A Short History of Cloud Computing

Lee Smith Cloud Computing

cloud computing

The origin of the term ‘cloud computing’ is unclear. References to the term can be heard as far back as 1996. But in 2006, Amazon introduced the Elastic Compute Cloud which led to the popularity of the term.  It’s interesting to note that its history goes back as far as the 1950s.

In the 1950s, large scale mainframe computers were seen as the future of computing. They were often referred to as ‘static terminals’ because they were used for internal communications with no internal processing. A practice grew that allowed multiple users to share both the physical access to the computer from multiple terminals as well as the CPU time. The practice of sharing CPU time on a mainframe became known in the industry as ‘time-sharing.’
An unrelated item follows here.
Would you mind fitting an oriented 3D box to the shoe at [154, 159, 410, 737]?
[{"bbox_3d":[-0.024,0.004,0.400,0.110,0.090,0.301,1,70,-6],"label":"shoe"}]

The 1960s through the 1990s saw technology advancing faster than anyone expected. It’s a testament to how far the human mind can take mankind. In the 1990s, telecommunications companies that originally offered single dedicated point-to-point data connections started offering virtualized private network (VPN) connections. It allowed more users to have more connections.

As the 21st century rolled on, Eucalyptus became the first open-source, AWS API-compatible platform for deploying private clouds in 2008. The same year saw efforts being focused on providing quality service.  Several Organizations began shifting to cloud computing. IT support in places like London, Los Angeles and the rest of the world were more focused on proving services in cloud computing.  As mentioned earlier, Amazon in 2006 created Elastic Compute Cloud.  It was a commercial web service that allowed companies and individuals to rent computers to run their own computer applications.
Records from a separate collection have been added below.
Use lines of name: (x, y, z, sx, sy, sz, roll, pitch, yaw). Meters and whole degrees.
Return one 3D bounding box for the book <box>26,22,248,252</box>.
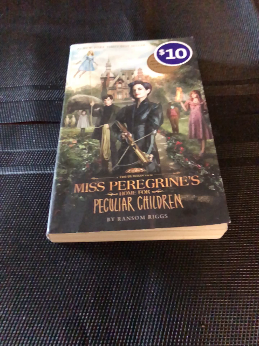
book: (0.003, -0.047, 0.284, 0.160, 0.050, 0.231, -2, 62, 2)
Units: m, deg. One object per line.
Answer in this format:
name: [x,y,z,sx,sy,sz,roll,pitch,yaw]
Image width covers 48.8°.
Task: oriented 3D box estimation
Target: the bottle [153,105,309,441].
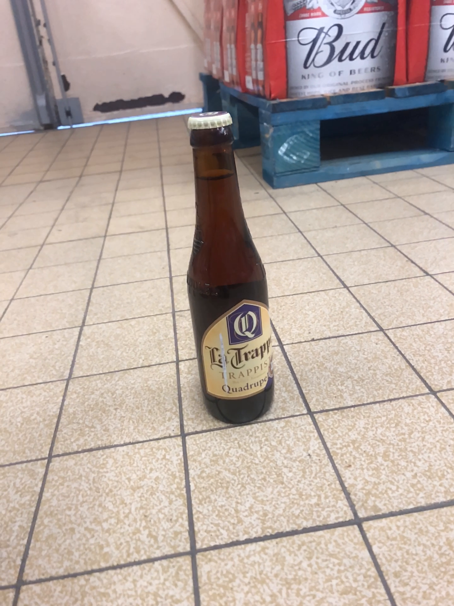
bottle: [0.008,-0.019,0.360,0.070,0.219,0.070,-5,26,3]

Cloud computing uses virtual dedicated servers and maximizes the effect of shared resources.  Cloud computing is wonderful because it can be customized to any individual or business. In the present, cloud computing can be molded into a private cloud operated solely for a single organization. It improves business and guarantees a return of investment. It also serves as a data recovery or disaster recovery tool. For example, if an accountant’s computer crashes, he or she could always go to the cloud to recover the files they were working on.

Human Beings have evolved over time and have created several life altering inventions. In regards to cloud computing, they have taken the human race further than they could ever have imagined.